Work instruction: Write out exactly every line from the one containing "Task: Find the" through the final line of the material below, both included. Pictures are to be skipped.

Data for processing:
☆ ☆ ☆ ☆ ☆
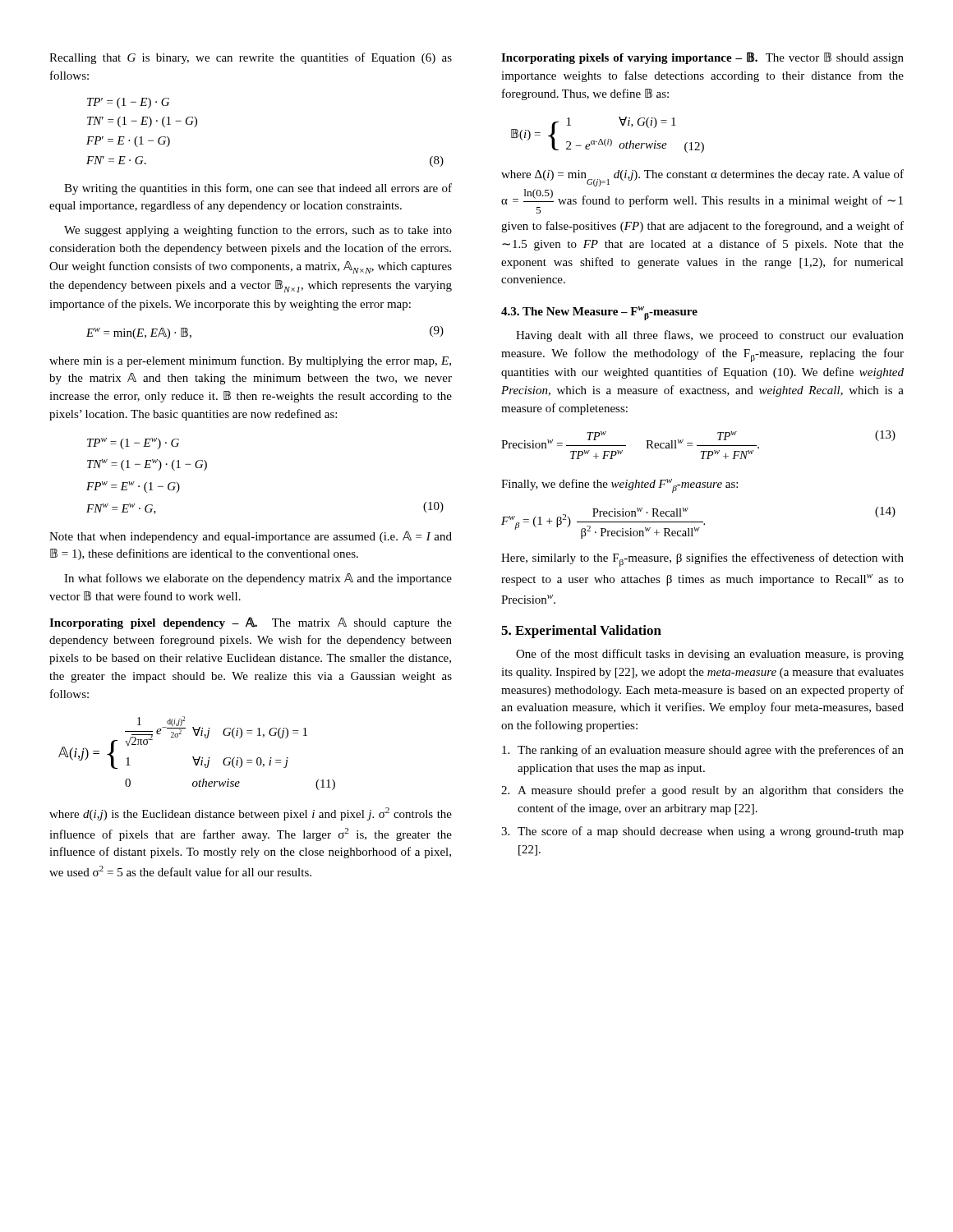Where is the passage that starts "where d(i,j) is the Euclidean distance between"?
953x1232 pixels.
pyautogui.click(x=251, y=843)
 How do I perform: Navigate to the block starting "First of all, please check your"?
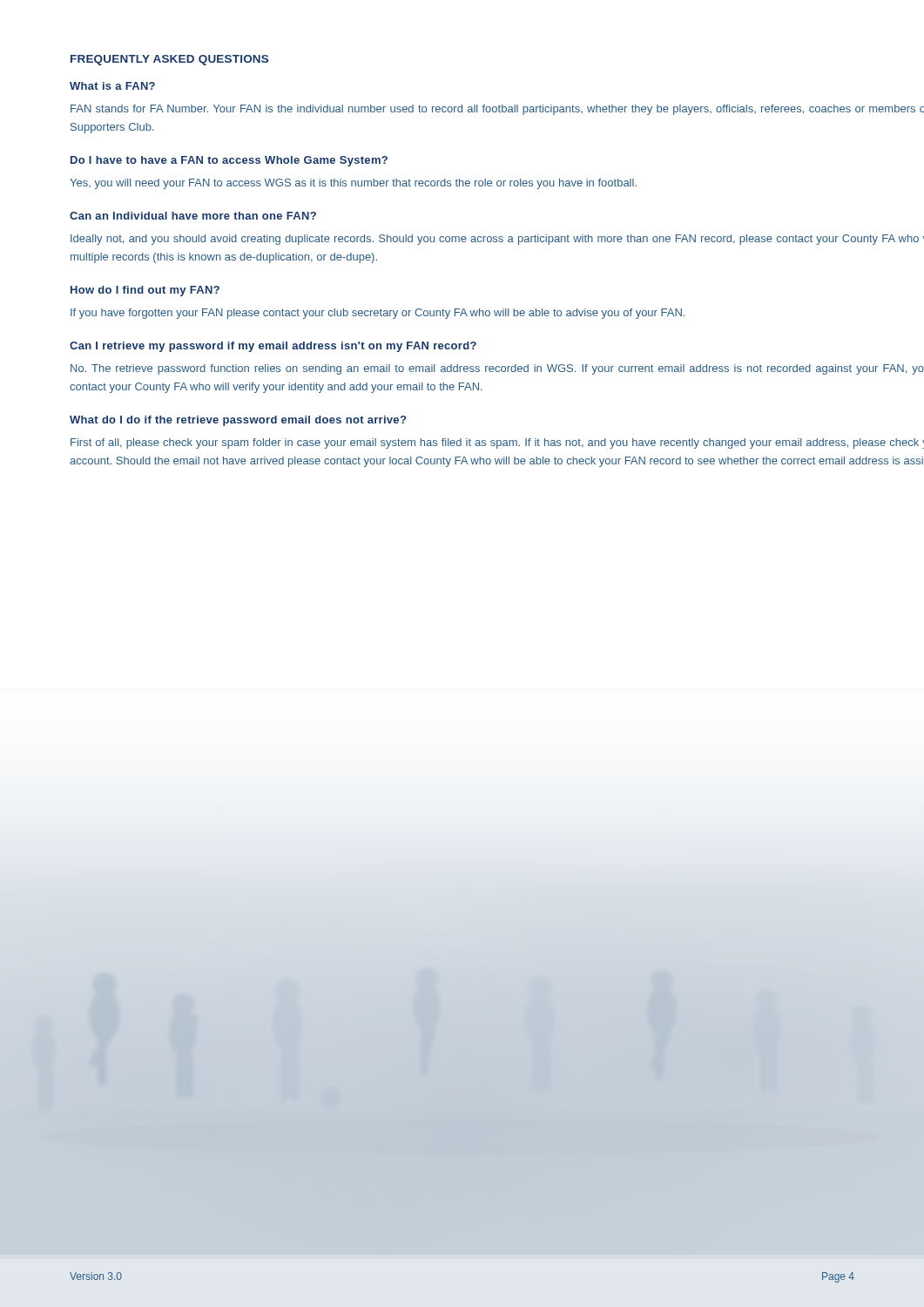click(x=497, y=452)
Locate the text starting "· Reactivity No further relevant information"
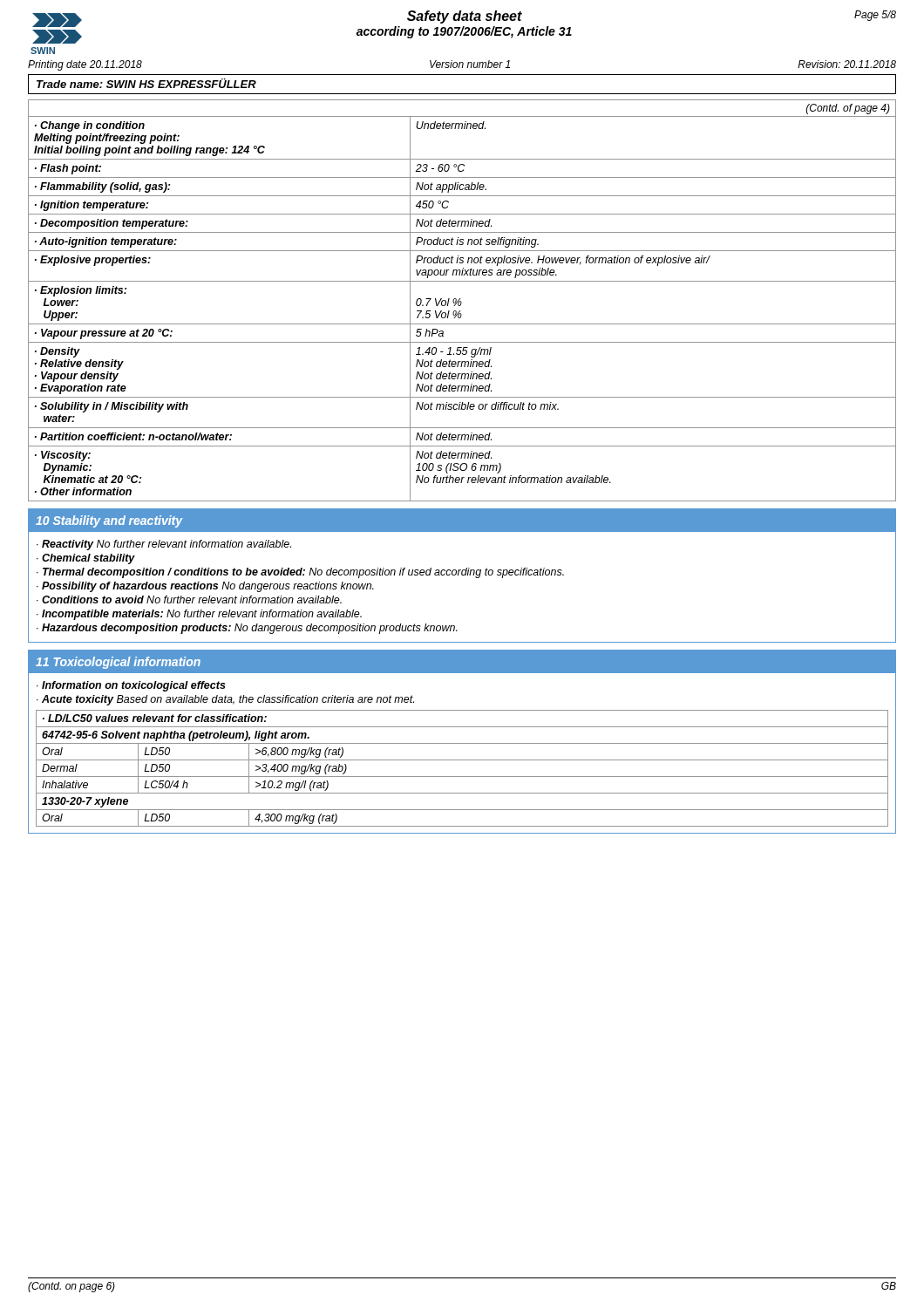Viewport: 924px width, 1308px height. [462, 586]
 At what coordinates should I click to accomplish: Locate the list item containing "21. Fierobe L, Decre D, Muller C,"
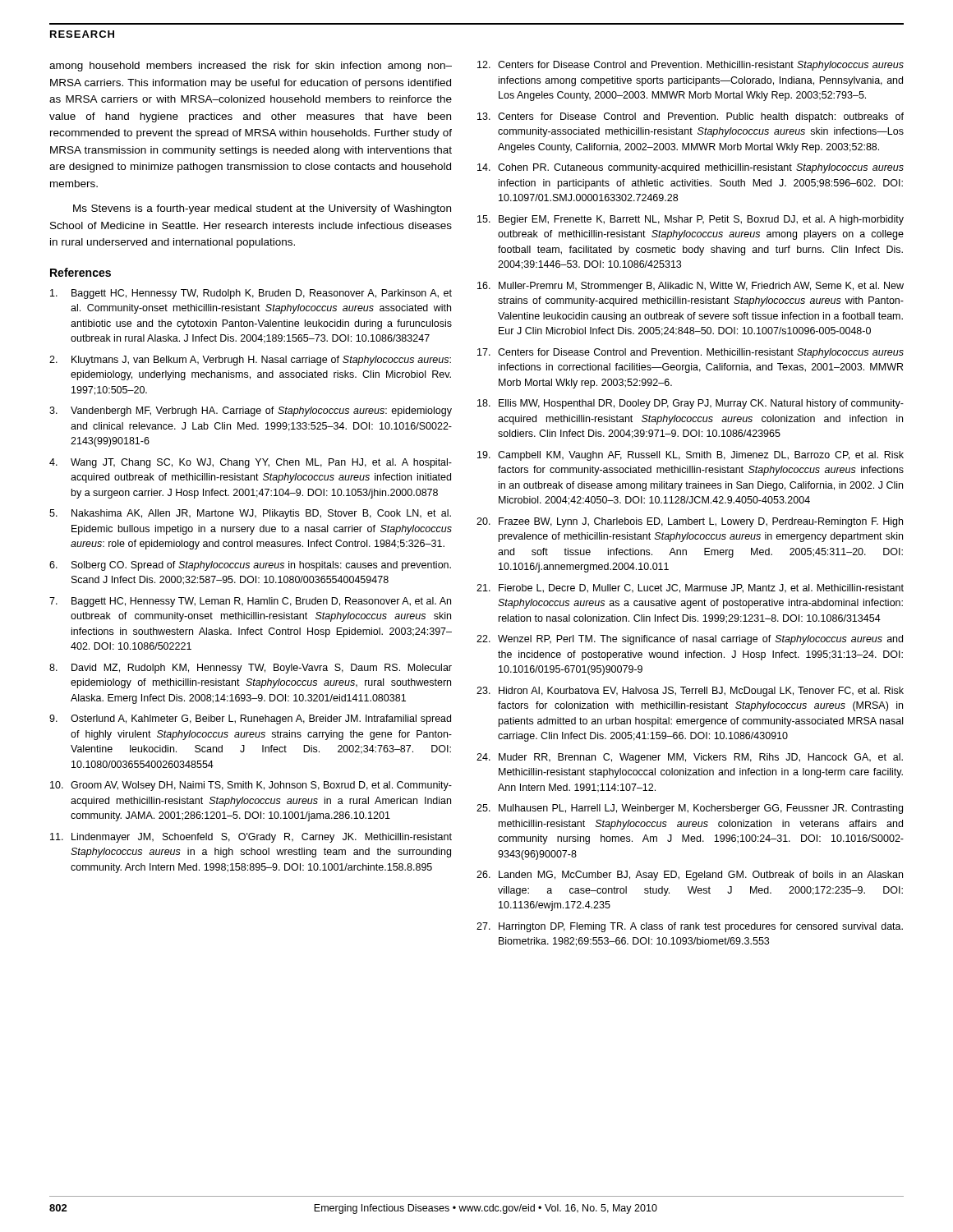click(690, 603)
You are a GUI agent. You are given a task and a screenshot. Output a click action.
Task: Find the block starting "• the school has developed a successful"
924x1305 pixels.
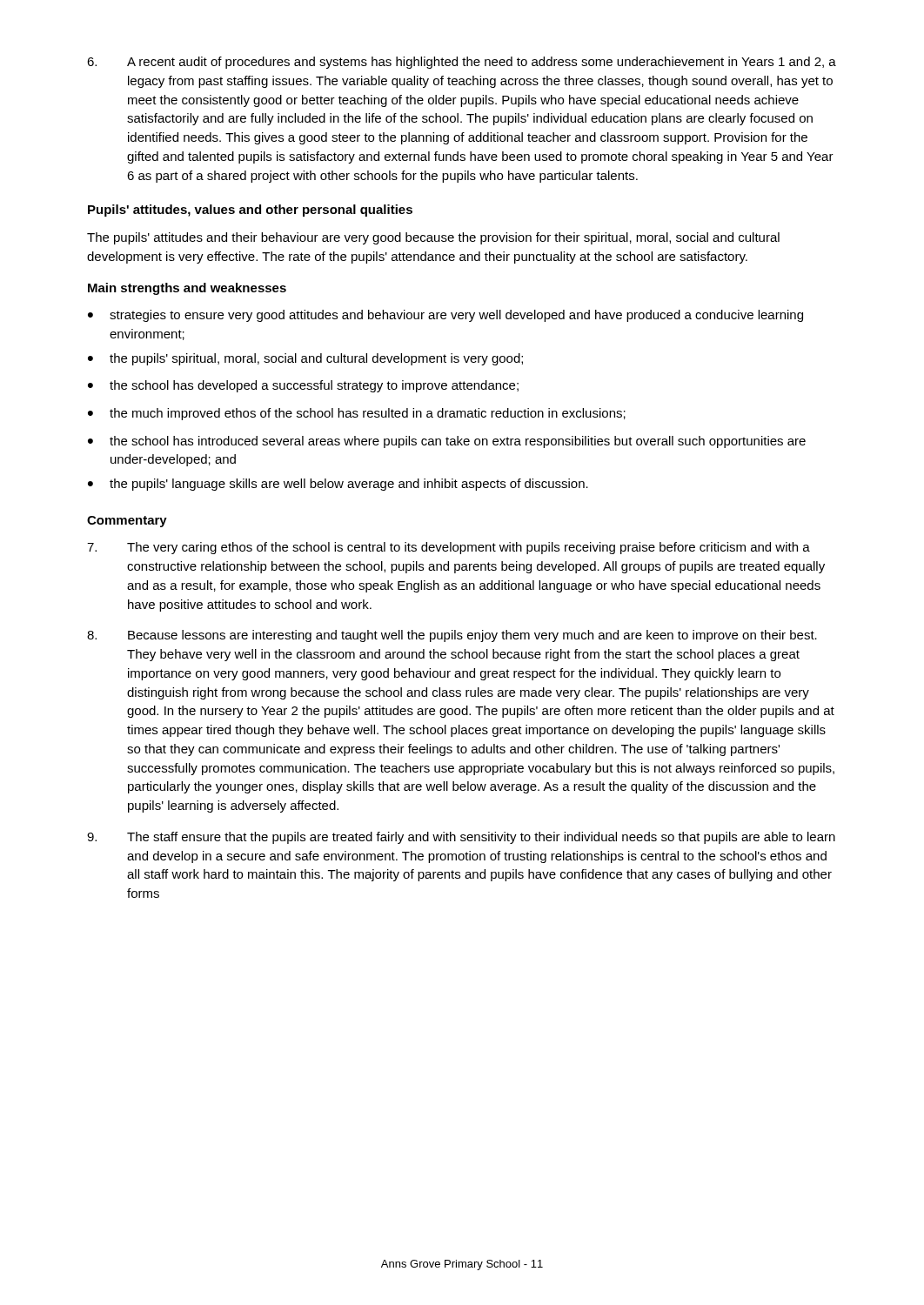(462, 387)
☆ ☆ ☆ ☆ ☆
Completed exercise:
Task: Find the block starting "• the school has developed a successful"
924x1305 pixels.
(462, 387)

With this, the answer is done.